Give back every line of the material below exactly, but no images.

> **Supplied material**:
=======
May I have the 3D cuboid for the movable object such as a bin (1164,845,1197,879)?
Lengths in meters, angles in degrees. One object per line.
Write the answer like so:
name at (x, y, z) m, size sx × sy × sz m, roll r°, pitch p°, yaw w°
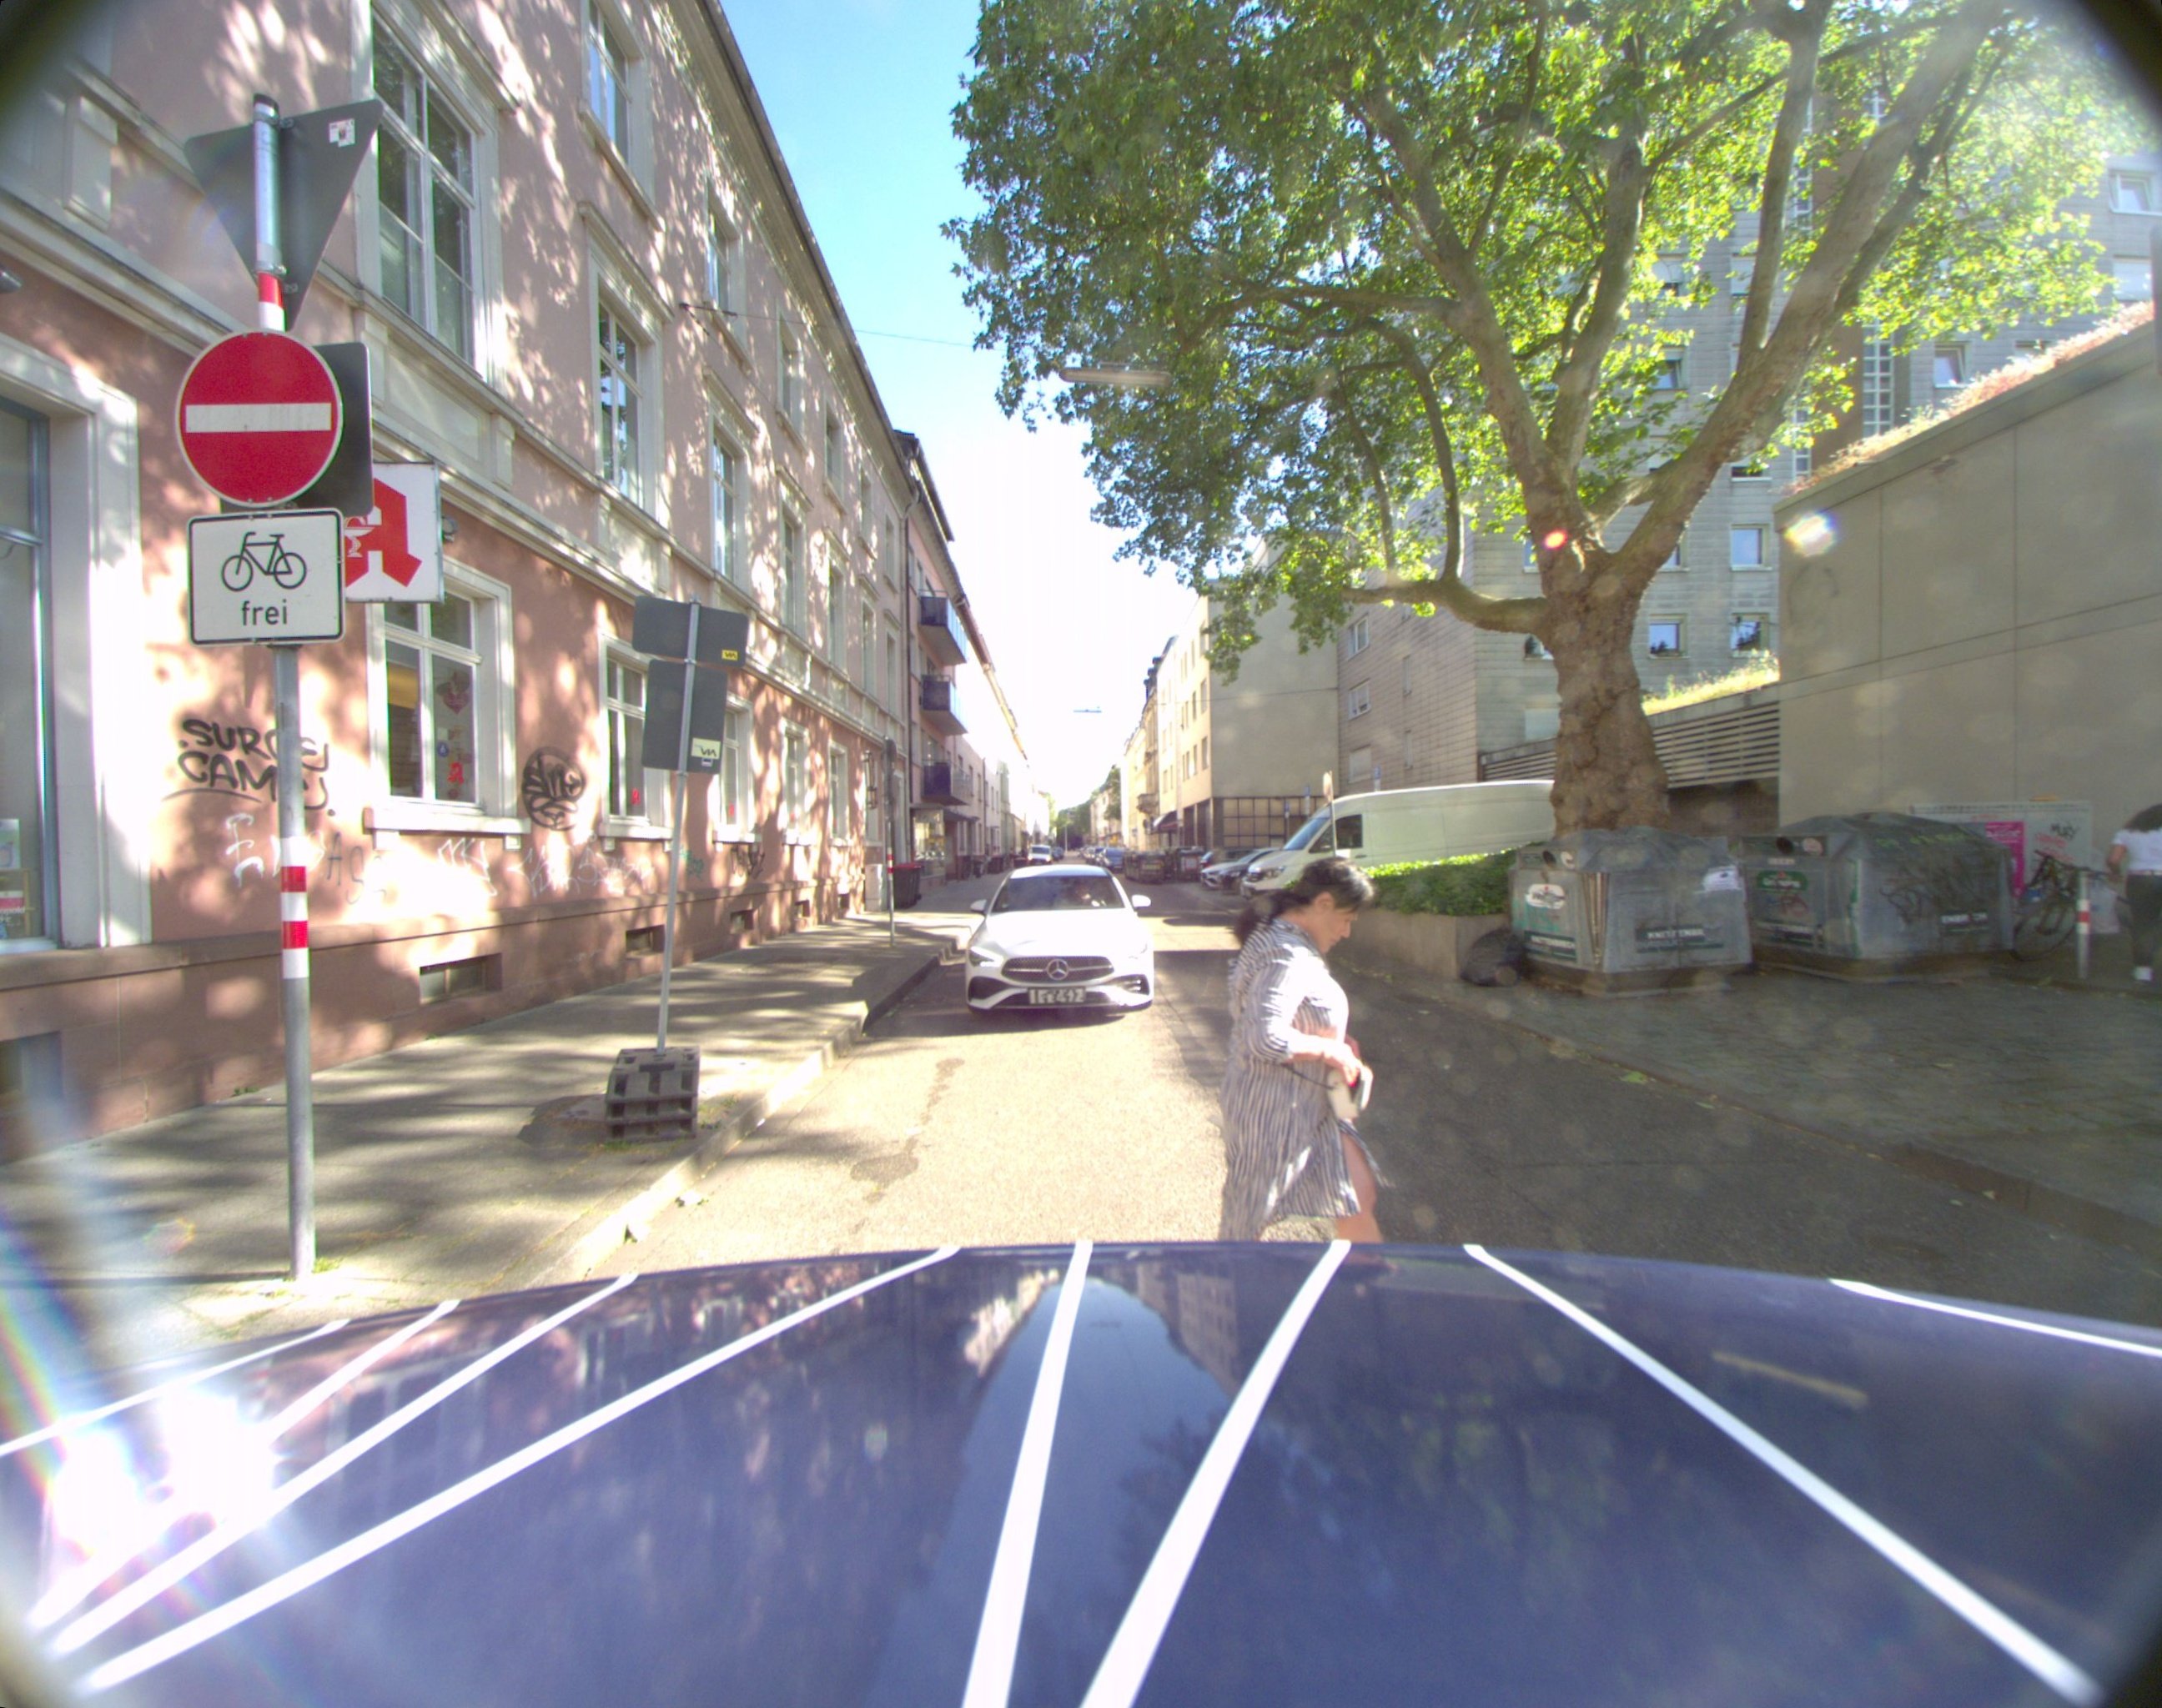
=======
> **Solution**:
May I have the 3D cuboid for the movable object such as a bin (1164,845,1197,879)?
Lengths in meters, angles in degrees. One object per line.
Write the answer like so:
name at (x, y, z) m, size sx × sy × sz m, roll r°, pitch p°, yaw w°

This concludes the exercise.